Iconic though he is and was in his own lifetime, Karsh was hardly
a lapdog of Canadian politicians, who believed his photos could be
counted on to enhance their agendas. Their ease with Karsh came partly
because he could always be counted on to produce a posed photo. There
were no candids in the style of France's Henri Cartier-Bresson. There
were few surprises.
And then in 1952 when Maclean's magazine asked Karsh to provide a photo
tour of Canada for the grand fee of $1,500 a picture plus expenses,
it turned out that not all the pictures were postcard material.

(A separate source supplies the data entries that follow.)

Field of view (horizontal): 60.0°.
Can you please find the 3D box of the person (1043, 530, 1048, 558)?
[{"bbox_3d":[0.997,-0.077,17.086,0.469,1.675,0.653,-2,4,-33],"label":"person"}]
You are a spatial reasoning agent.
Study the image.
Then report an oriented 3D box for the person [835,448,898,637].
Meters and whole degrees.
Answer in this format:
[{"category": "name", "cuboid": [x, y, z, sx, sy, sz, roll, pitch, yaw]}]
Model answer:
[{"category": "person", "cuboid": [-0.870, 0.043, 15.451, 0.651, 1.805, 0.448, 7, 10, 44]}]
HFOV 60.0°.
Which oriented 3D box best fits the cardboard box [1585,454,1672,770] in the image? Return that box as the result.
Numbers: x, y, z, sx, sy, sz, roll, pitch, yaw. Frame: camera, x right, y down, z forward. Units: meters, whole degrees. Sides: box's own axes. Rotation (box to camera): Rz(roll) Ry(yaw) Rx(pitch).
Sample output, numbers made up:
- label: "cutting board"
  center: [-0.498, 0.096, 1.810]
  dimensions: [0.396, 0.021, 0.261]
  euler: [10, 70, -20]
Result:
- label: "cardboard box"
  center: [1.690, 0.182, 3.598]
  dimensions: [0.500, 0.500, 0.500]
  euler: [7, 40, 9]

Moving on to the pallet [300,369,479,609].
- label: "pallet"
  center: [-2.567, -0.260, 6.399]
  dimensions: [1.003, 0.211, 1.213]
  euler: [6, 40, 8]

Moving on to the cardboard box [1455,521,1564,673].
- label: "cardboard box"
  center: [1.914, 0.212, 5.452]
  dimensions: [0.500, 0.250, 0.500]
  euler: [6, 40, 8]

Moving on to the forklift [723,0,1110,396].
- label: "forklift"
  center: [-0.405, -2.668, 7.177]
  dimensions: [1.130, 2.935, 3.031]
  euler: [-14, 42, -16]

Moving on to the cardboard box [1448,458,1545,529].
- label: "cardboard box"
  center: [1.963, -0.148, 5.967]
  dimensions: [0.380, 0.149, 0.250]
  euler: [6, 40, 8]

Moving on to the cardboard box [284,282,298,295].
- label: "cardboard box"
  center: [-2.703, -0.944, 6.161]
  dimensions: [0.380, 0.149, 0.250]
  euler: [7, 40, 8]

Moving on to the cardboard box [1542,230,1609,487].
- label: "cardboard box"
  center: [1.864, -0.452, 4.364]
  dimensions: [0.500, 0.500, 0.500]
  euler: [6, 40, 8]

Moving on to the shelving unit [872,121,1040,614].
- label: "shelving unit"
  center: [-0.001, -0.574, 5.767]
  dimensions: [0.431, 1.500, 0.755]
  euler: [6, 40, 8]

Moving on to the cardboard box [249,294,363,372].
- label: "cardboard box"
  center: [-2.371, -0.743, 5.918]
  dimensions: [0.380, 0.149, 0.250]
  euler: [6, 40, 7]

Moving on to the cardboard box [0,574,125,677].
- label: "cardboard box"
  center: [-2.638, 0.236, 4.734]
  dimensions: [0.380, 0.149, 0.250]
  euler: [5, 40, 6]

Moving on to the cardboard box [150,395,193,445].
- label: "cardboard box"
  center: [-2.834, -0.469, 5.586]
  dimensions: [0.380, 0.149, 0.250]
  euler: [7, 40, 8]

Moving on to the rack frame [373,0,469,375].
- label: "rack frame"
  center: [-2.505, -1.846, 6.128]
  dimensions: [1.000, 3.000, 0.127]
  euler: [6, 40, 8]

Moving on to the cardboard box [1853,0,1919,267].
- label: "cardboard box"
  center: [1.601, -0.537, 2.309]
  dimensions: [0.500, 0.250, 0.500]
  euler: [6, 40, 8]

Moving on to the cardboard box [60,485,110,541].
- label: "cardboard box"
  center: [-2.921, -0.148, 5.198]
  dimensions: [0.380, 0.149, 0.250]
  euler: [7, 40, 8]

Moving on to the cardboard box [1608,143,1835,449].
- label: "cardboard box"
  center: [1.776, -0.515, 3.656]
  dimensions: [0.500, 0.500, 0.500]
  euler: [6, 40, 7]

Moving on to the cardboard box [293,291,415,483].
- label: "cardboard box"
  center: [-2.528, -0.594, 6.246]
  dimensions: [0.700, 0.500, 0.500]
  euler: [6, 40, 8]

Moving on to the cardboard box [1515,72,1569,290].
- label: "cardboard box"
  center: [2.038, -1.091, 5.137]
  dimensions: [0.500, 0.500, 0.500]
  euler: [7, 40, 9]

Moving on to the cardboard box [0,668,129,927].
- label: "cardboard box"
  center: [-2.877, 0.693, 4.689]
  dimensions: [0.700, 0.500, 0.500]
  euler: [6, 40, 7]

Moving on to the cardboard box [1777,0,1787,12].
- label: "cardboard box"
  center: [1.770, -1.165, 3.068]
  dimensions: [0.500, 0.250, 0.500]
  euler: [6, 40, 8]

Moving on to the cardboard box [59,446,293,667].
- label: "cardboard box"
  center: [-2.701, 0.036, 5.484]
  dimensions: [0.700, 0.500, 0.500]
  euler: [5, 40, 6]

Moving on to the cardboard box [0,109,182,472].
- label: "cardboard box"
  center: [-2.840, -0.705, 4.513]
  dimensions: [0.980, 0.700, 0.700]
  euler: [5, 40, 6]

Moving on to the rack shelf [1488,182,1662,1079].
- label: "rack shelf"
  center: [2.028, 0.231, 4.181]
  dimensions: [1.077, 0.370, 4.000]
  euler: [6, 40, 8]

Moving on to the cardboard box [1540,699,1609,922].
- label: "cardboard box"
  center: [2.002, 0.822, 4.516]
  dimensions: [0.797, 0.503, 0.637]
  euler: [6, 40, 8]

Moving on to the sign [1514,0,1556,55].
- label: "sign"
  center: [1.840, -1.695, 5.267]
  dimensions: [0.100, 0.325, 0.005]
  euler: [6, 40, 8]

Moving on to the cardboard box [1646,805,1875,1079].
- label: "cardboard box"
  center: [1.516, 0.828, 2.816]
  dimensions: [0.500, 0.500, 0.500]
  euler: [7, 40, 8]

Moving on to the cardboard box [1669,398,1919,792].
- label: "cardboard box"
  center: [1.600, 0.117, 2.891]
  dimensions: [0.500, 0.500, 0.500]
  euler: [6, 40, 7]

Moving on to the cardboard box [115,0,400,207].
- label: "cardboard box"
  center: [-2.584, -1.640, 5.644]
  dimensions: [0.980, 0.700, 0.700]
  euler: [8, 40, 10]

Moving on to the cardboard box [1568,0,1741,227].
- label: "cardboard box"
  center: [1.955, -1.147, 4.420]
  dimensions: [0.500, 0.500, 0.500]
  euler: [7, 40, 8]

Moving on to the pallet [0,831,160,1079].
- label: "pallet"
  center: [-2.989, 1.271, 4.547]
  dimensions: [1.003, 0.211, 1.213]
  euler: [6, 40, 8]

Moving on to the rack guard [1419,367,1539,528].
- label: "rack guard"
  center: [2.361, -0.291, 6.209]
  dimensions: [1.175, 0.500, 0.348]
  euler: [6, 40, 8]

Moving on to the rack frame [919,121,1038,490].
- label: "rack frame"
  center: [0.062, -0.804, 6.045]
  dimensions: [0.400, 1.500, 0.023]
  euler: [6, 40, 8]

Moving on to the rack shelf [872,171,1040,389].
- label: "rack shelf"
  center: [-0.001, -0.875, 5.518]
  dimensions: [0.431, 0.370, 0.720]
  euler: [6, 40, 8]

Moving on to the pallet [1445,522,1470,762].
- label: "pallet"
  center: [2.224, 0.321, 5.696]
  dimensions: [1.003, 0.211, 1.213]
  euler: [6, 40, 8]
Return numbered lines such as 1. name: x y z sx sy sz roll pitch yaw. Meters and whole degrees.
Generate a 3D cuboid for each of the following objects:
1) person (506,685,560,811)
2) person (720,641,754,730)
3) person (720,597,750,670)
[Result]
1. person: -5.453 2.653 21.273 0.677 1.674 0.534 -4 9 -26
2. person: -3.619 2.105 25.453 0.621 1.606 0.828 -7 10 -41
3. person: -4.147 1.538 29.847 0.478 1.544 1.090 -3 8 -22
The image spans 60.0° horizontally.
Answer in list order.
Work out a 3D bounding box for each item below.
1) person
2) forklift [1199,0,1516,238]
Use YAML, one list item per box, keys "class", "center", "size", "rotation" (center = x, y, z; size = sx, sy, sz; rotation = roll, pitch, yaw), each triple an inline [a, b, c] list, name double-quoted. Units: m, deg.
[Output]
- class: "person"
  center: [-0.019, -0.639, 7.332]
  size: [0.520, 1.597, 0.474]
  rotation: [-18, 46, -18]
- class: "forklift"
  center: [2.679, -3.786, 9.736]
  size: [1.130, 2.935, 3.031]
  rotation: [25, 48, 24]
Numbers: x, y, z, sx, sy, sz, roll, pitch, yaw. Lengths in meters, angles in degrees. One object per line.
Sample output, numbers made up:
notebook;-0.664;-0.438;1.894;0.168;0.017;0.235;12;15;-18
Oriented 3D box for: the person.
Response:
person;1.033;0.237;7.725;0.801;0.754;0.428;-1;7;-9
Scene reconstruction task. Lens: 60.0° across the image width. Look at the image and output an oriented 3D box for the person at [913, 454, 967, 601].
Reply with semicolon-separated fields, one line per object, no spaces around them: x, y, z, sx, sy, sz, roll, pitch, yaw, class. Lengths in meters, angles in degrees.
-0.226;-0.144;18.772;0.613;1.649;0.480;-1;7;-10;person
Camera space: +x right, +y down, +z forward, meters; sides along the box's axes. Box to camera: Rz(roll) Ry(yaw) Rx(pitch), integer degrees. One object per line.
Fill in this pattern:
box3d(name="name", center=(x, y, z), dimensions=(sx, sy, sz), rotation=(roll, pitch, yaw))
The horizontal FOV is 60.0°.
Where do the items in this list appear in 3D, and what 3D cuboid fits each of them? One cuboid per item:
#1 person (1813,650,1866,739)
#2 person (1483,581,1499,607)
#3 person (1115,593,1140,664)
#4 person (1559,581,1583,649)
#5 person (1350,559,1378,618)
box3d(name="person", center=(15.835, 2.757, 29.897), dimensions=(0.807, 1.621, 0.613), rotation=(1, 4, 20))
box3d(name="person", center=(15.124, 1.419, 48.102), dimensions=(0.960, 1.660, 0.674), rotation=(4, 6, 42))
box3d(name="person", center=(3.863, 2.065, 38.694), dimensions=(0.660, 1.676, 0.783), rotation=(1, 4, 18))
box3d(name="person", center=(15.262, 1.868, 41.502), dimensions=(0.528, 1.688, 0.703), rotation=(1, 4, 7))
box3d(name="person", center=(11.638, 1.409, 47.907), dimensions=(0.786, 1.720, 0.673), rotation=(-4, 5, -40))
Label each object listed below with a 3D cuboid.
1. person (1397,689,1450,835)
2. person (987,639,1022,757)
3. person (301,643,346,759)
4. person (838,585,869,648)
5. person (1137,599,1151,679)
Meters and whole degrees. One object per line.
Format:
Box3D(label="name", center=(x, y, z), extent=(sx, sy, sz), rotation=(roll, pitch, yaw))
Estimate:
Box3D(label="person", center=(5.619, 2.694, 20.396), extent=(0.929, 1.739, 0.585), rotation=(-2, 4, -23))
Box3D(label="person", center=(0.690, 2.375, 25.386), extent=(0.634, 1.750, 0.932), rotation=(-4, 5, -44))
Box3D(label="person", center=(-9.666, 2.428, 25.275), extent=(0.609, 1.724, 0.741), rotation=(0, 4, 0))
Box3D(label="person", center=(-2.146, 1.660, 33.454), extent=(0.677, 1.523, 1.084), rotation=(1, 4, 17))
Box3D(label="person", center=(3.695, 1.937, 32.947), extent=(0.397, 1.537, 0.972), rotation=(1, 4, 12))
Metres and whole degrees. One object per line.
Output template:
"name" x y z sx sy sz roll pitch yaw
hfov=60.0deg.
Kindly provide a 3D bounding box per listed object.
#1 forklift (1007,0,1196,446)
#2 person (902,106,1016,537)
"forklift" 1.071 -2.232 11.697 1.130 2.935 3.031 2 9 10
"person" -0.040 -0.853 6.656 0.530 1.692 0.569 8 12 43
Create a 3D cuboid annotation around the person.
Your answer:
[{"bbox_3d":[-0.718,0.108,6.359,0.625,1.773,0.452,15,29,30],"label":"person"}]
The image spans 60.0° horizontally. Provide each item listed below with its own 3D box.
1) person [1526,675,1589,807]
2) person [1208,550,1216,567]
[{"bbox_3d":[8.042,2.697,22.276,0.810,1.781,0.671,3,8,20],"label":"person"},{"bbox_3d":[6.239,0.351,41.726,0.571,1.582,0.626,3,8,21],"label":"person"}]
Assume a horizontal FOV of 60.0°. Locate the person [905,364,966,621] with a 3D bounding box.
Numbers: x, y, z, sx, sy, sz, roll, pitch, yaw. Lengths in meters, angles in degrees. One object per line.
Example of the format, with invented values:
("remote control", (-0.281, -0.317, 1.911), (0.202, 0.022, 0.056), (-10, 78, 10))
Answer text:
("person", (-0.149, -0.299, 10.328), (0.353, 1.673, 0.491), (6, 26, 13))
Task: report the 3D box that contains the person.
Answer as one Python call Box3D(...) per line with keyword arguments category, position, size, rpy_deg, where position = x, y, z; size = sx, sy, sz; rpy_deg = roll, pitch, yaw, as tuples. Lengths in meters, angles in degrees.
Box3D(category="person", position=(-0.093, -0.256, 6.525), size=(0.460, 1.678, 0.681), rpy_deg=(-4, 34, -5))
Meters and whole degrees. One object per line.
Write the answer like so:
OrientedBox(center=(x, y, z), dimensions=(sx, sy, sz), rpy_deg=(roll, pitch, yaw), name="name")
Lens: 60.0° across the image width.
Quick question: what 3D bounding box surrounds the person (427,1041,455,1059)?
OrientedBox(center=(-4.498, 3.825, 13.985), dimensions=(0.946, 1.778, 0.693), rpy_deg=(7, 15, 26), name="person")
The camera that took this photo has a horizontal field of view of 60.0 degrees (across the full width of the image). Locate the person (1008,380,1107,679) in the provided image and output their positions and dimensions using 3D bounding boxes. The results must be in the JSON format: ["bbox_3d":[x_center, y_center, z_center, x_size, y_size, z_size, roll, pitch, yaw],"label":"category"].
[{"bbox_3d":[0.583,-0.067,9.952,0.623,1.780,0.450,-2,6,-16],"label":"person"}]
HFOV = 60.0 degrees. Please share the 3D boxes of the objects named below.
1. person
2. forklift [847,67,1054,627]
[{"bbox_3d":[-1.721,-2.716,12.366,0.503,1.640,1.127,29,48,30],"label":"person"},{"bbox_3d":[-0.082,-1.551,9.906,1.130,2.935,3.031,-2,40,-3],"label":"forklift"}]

"There were...some marvelous exceptions," writes Ms. Tippett. "The
bone-chilling photograph of a child in an iron lung at the 'Sick
Kids' hospital in Toronto. The stark image of an unidentified woman
recovering from tuberculosis at an Edmonton hospital." There were
photos of Canada's poor and infirm; photos that showed the desperate
situation of Canada's First Nations Peoples.
Not all white Canadians appreciated Karsh's view of Canada.
"In response to Karsh's photo essay on Edmonton, one [Maclean's]
reader asked, 'Is the population made up entirely of Indians, Eskimos
and Orientals?'"
But it was the dining habits of the photographer and his wife Solange
while they were working in Prince Edward Island that got him into hot
water with the premier and saw Karsh attacked in the House of Commons.
The Karshes sat down to a dreadful meal at a
P.E.I. government-subsidized restaurant hotel, according to the
Maclean's report. The dinner had begun with a seafood xxxxtail that had
neither sauce nor lemon and was not fresh. The jellied consomme that
followed had lumps of commercial gelatin floating in the broth. And
the rare beef tenderloin was not only less that one-quarter of an
inch thick but was overdone. It was the potatoes Florentine that
came in for the most criticism. When they were placed before Karsh,
he buried his face in his hands. Equally disgusted, Solange offered
to write a pamphlet for the premier, Walter Jones, on One Hundred
Ways to Cook Potatoes.
"The premier responded by suggesting that there was only one way to
cook a potato and that was to boil it."
The verbal food fight that ensued had the Conservative MP for Queens,
P.E.I. standing up in the Commons to denounce Karsh as "a doubtful
Canadian." Peterborough Examiner editor Robertson Davies came to
Karsh's defence by writing, "We are all foreigners, in some way or
other, in Canada."
Mr. Davies was right on two counts. We are all foreigners here,
and Karsh was an especially worthy one.